Stored data entries:
Segment Open

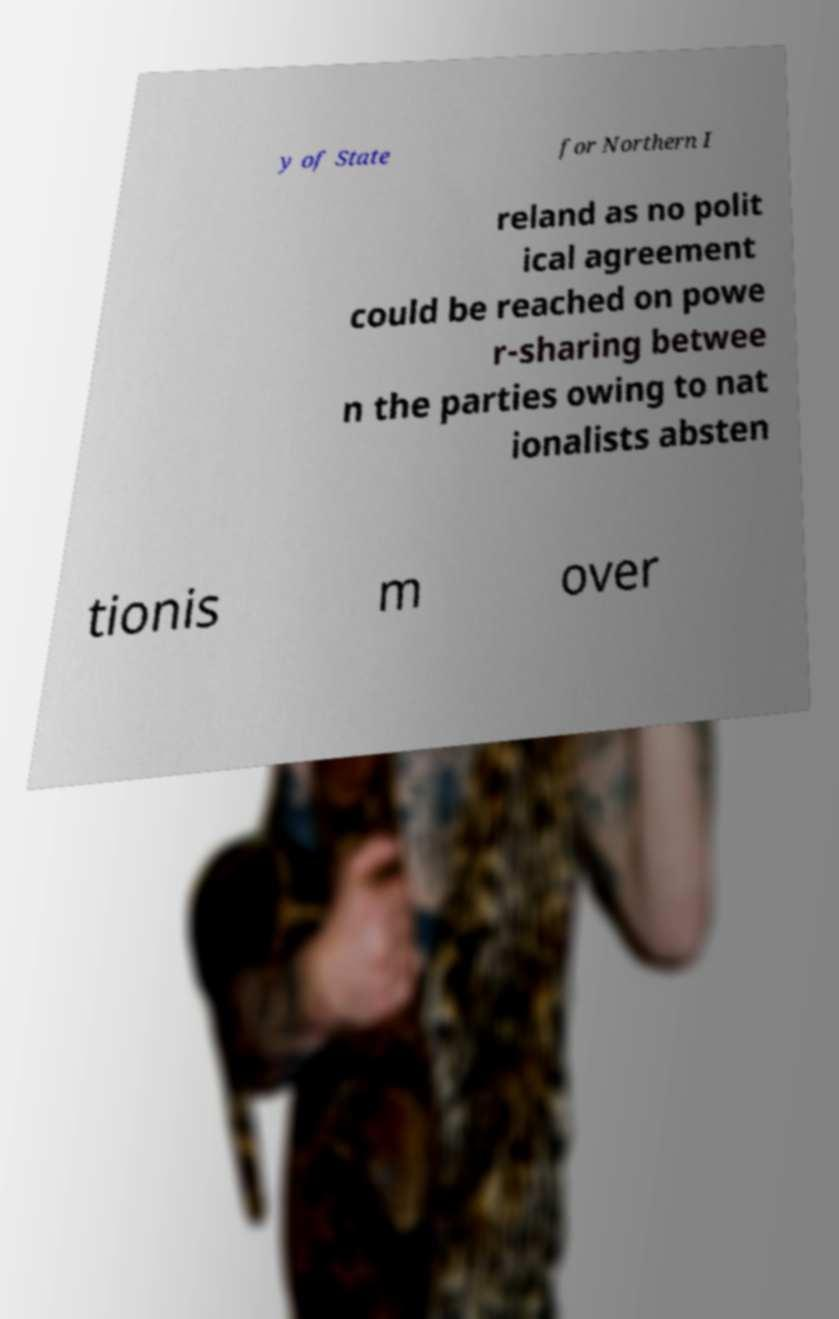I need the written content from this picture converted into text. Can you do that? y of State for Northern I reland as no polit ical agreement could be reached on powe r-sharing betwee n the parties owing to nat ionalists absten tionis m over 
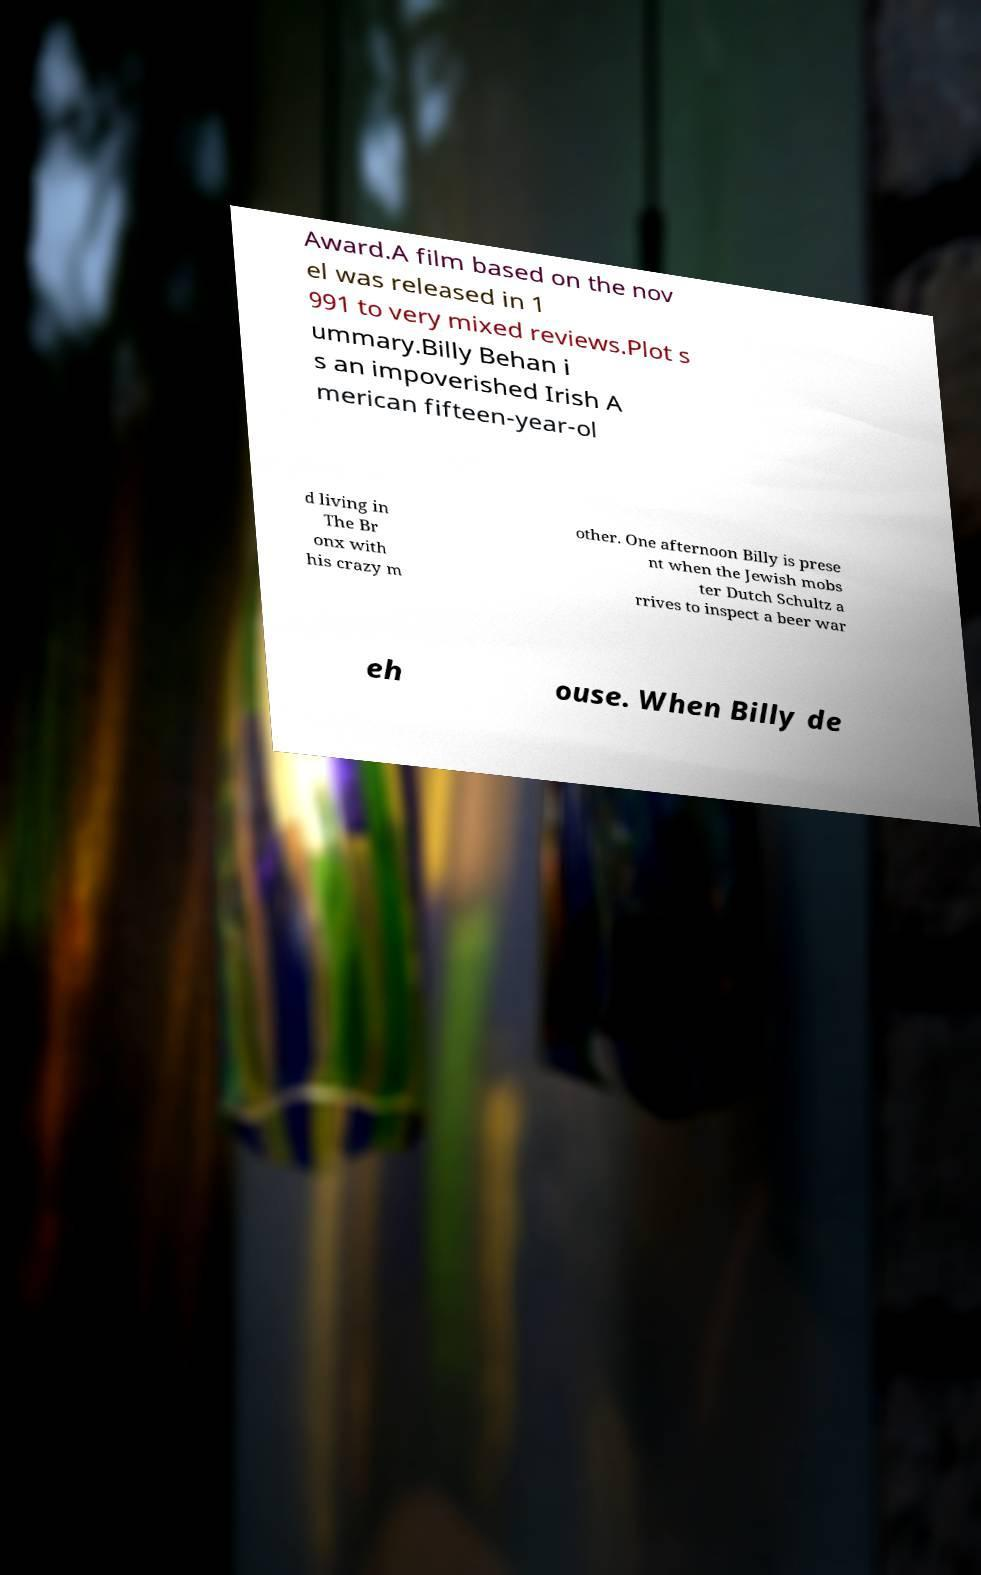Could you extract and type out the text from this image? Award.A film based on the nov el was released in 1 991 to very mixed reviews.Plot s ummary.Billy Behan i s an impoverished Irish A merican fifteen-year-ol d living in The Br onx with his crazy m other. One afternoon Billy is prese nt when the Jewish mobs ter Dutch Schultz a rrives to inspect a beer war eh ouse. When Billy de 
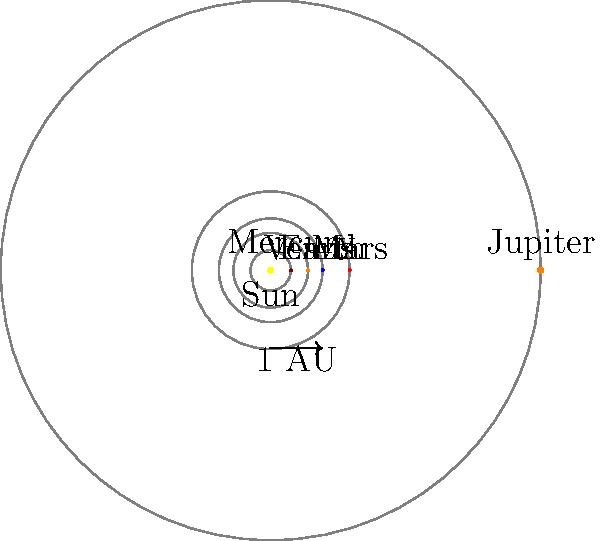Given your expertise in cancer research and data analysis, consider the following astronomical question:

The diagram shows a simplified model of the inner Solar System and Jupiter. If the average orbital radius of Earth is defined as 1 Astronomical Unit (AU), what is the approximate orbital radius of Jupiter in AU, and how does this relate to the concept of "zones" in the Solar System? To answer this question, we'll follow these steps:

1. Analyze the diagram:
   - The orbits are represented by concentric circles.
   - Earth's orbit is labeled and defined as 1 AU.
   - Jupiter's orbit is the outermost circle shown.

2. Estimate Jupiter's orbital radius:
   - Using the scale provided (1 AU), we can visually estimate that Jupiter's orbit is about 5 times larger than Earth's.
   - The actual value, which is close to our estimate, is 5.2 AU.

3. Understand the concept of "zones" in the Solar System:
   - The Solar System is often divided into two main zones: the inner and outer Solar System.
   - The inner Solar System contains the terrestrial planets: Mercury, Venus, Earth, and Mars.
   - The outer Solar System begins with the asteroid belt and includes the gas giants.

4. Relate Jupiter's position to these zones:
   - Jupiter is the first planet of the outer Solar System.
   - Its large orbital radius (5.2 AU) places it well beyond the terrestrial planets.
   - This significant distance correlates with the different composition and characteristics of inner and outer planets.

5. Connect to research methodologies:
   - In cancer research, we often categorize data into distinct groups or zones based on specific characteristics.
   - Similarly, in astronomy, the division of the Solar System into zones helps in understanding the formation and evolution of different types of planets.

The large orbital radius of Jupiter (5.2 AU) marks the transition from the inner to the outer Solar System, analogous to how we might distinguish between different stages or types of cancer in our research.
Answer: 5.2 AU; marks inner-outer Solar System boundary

Segment Closed

=== Exercise aim ===
Images are to be left out when the records above are written out again exactly.

=== Your solution ===
I need the written content from this picture converted into text. Can you do that? y of State for Northern I reland as no polit ical agreement could be reached on powe r-sharing betwee n the parties owing to nat ionalists absten tionis m over 
Could you extract and type out the text from this image? Award.A film based on the nov el was released in 1 991 to very mixed reviews.Plot s ummary.Billy Behan i s an impoverished Irish A merican fifteen-year-ol d living in The Br onx with his crazy m other. One afternoon Billy is prese nt when the Jewish mobs ter Dutch Schultz a rrives to inspect a beer war eh ouse. When Billy de 
Given your expertise in cancer research and data analysis, consider the following astronomical question:

The diagram shows a simplified model of the inner Solar System and Jupiter. If the average orbital radius of Earth is defined as 1 Astronomical Unit (AU), what is the approximate orbital radius of Jupiter in AU, and how does this relate to the concept of "zones" in the Solar System? To answer this question, we'll follow these steps:

1. Analyze the diagram:
   - The orbits are represented by concentric circles.
   - Earth's orbit is labeled and defined as 1 AU.
   - Jupiter's orbit is the outermost circle shown.

2. Estimate Jupiter's orbital radius:
   - Using the scale provided (1 AU), we can visually estimate that Jupiter's orbit is about 5 times larger than Earth's.
   - The actual value, which is close to our estimate, is 5.2 AU.

3. Understand the concept of "zones" in the Solar System:
   - The Solar System is often divided into two main zones: the inner and outer Solar System.
   - The inner Solar System contains the terrestrial planets: Mercury, Venus, Earth, and Mars.
   - The outer Solar System begins with the asteroid belt and includes the gas giants.

4. Relate Jupiter's position to these zones:
   - Jupiter is the first planet of the outer Solar System.
   - Its large orbital radius (5.2 AU) places it well beyond the terrestrial planets.
   - This significant distance correlates with the different composition and characteristics of inner and outer planets.

5. Connect to research methodologies:
   - In cancer research, we often categorize data into distinct groups or zones based on specific characteristics.
   - Similarly, in astronomy, the division of the Solar System into zones helps in understanding the formation and evolution of different types of planets.

The large orbital radius of Jupiter (5.2 AU) marks the transition from the inner to the outer Solar System, analogous to how we might distinguish between different stages or types of cancer in our research.
Answer: 5.2 AU; marks inner-outer Solar System boundary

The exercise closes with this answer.